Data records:
═══
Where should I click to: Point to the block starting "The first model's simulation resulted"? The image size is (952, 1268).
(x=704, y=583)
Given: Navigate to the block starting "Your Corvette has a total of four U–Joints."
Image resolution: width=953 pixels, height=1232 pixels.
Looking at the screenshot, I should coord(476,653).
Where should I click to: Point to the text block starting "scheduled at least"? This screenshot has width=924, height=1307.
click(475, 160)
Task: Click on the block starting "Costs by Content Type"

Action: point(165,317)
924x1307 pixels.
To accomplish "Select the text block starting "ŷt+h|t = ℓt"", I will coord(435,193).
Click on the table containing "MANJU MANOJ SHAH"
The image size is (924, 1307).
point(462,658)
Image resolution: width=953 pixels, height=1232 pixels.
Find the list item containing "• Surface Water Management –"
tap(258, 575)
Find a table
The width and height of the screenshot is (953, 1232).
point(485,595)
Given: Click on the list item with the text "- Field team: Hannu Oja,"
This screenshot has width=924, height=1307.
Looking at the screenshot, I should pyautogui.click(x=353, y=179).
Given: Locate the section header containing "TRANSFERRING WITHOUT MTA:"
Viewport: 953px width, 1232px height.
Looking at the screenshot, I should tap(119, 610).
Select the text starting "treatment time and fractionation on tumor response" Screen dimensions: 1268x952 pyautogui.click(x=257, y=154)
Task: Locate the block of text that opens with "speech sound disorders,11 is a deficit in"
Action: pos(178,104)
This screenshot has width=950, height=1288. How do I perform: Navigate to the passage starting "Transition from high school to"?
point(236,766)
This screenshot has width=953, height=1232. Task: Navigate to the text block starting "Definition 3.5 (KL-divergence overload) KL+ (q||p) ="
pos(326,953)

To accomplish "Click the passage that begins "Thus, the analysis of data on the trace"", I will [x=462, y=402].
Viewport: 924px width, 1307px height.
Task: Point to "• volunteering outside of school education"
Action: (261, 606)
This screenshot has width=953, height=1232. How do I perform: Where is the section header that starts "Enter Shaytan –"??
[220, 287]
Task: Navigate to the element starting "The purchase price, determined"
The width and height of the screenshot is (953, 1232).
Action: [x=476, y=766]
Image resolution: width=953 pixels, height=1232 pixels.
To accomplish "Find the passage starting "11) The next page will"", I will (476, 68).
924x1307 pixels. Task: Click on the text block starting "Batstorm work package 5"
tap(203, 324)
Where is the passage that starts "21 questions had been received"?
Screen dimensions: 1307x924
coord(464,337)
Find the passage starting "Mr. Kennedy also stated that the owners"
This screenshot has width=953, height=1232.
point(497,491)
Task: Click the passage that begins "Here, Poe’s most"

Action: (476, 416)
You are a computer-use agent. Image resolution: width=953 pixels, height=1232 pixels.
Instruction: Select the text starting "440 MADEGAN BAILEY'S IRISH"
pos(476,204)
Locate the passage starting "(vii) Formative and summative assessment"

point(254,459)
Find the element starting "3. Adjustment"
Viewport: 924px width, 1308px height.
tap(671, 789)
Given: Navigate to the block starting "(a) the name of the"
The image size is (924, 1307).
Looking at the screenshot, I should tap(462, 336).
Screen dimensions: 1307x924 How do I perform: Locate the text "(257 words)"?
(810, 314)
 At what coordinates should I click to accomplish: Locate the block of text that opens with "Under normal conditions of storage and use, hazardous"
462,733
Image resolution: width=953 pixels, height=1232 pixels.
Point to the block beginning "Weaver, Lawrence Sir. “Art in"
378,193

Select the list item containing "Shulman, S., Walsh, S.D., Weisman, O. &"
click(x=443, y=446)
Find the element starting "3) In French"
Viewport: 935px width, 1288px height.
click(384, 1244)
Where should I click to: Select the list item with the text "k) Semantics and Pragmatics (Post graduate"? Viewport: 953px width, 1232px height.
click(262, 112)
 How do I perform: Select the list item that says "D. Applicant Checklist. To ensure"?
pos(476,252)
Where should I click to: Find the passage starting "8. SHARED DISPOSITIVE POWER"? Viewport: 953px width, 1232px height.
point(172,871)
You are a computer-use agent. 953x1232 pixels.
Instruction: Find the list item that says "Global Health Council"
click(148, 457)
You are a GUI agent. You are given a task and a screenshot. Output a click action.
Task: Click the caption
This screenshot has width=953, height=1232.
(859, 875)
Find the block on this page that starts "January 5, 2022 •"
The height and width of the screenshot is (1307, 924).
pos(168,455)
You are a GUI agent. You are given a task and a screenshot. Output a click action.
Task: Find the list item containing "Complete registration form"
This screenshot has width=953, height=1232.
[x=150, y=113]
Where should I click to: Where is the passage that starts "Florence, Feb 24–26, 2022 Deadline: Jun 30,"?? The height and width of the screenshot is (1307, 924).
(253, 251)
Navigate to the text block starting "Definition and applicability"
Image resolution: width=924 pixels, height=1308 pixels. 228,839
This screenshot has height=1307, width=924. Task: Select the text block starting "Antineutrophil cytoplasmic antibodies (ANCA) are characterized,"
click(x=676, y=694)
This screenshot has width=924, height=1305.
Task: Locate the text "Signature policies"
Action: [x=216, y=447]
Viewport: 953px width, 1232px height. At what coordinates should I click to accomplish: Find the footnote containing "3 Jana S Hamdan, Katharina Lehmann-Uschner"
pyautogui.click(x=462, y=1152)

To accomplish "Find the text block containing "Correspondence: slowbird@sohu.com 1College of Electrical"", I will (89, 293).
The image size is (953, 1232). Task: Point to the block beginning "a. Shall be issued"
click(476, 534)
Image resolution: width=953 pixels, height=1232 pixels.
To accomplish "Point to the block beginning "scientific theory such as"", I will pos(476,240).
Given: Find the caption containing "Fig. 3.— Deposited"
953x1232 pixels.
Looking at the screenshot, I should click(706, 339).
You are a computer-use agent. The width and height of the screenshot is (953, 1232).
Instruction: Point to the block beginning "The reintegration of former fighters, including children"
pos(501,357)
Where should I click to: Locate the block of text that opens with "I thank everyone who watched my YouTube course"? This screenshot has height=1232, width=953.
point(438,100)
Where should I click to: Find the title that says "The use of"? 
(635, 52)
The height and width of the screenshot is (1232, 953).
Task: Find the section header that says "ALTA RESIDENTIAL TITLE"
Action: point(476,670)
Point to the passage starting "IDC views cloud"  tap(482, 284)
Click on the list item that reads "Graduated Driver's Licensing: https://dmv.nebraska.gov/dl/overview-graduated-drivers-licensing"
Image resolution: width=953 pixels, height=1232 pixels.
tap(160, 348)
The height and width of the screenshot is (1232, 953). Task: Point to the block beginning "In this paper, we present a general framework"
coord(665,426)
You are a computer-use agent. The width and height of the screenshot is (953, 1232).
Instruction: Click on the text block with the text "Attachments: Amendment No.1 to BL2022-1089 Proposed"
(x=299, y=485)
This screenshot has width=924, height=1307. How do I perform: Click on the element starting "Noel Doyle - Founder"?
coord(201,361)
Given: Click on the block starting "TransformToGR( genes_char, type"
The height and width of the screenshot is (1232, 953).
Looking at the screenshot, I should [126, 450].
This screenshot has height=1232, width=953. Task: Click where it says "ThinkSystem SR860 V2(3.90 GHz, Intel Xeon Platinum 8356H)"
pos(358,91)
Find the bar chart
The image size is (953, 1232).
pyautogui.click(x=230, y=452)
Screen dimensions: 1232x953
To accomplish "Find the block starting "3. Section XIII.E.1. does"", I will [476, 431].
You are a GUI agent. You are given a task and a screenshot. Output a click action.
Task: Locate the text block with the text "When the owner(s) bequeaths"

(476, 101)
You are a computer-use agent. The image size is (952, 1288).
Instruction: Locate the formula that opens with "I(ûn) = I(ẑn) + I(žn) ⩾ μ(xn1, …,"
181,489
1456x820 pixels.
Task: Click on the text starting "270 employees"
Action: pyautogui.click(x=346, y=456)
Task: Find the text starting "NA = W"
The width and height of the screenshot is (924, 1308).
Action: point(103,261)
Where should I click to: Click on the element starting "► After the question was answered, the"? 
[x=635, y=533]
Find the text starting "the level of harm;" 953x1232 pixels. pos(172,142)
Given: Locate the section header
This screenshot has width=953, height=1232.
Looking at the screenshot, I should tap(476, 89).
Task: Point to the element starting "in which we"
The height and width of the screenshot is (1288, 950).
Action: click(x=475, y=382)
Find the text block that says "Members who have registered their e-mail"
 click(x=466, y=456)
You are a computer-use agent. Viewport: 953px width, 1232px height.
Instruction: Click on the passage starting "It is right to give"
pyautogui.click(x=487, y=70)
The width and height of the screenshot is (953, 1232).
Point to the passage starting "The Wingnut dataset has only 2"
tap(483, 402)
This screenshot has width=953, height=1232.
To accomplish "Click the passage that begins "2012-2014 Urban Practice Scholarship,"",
═══
Only lines that hold the string "computer" belong in the answer, so copy every one of them from the records.

**Solved problem**
You are a computer-use agent. Image resolution: width=953 pixels, height=1232 pixels.
You are a computer-use agent. 953x1232 pixels.
You are a computer-use agent. The width and height of the screenshot is (953, 1232).
You are a computer-use agent. The width and height of the screenshot is (953, 1232).
You are a computer-use agent. The image size is (952, 1288).
You are a computer-use agent. Viewport: 953px width, 1232px height.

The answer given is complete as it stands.